沈念转学到青溪中学的第三周,还是没有交到任何一个朋友。
不是她不想。是她不知道该怎么跟人说话。她怕开口就是南方口音,怕别人笑她土,怕自己说错话。所以她选择不说话。下课的时候坐在座位上看书,放学的时候一个人走回家,吃饭的时候一个人坐在食堂的角落。
小胖——她的同桌周浩——是唯一一个对她友善的人。
“你吃不吃?”小胖把一包薯片递过来,嘴里已经塞满了,说话含混不清。
“不用了,谢谢。”
“你别客气,我妈给我买了好多,我吃不完。”他把薯片放在她桌上,“你太瘦了,多吃点。”
沈念看着那包薯片,拿了一片。
“谢谢。”
“你老说谢谢。”小胖笑了,“你别那么客气,咱们是同桌嘛。”
沈念看了他一眼。他笑起来眼睛眯成一条缝,圆圆的脸上全是善意。
“好。”她说。
小胖是她在这个学校唯一的温暖。
但她最喜欢的时刻,不是和小胖一起吃薯片,而是放学后去图书馆。
青溪中学的图书馆在教学楼的三楼,不大,只有两间教室那么大。
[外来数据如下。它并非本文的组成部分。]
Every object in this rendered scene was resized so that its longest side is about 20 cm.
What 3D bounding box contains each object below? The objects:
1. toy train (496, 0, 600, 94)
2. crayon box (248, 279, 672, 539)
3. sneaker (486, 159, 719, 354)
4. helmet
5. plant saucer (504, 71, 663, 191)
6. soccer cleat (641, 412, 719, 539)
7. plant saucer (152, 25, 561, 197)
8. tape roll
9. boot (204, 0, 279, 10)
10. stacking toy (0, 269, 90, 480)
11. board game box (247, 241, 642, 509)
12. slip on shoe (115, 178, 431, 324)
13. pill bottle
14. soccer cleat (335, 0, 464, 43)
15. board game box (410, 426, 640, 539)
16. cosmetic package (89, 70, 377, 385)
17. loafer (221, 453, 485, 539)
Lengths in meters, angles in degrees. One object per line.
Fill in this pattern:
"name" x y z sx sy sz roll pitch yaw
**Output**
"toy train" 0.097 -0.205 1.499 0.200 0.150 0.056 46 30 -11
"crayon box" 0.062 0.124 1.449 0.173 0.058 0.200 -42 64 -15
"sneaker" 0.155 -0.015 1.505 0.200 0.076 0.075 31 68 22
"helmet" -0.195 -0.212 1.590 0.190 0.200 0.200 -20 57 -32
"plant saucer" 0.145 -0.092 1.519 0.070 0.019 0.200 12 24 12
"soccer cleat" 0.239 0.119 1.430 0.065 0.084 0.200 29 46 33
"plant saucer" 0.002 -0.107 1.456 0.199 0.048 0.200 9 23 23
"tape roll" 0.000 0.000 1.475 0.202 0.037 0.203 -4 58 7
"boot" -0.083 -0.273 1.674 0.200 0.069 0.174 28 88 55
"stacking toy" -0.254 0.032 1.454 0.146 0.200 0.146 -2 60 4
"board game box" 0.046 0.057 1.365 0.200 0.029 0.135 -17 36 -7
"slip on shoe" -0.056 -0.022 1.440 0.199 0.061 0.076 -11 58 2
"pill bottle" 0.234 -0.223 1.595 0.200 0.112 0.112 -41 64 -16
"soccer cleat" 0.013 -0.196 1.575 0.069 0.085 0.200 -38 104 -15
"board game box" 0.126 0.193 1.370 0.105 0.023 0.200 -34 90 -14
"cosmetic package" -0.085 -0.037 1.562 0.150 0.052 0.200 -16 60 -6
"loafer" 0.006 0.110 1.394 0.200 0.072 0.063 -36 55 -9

书架是深棕色的木头,有些年头了,散发着旧书特有的味道——纸张、墨水、灰尘,还有一点点霉味。
沈念喜欢那个味道。
她每天放学后都会去图书馆,坐在最里面的角落,看书。什么书都看——小说、散文、历史、地理。但她最爱看的,是建筑类的书。
她不知道这种喜欢是从什么时候开始的。也许是小时候,她爸爸还在的时候,带她去过一次县城的新华书店。她站在建筑类的书架前,翻一本关于世界各地房子的画册,看得入了迷。她爸爸在旁边等了她半个小时,最后笑着说:“念念,你是不是想当建筑师?”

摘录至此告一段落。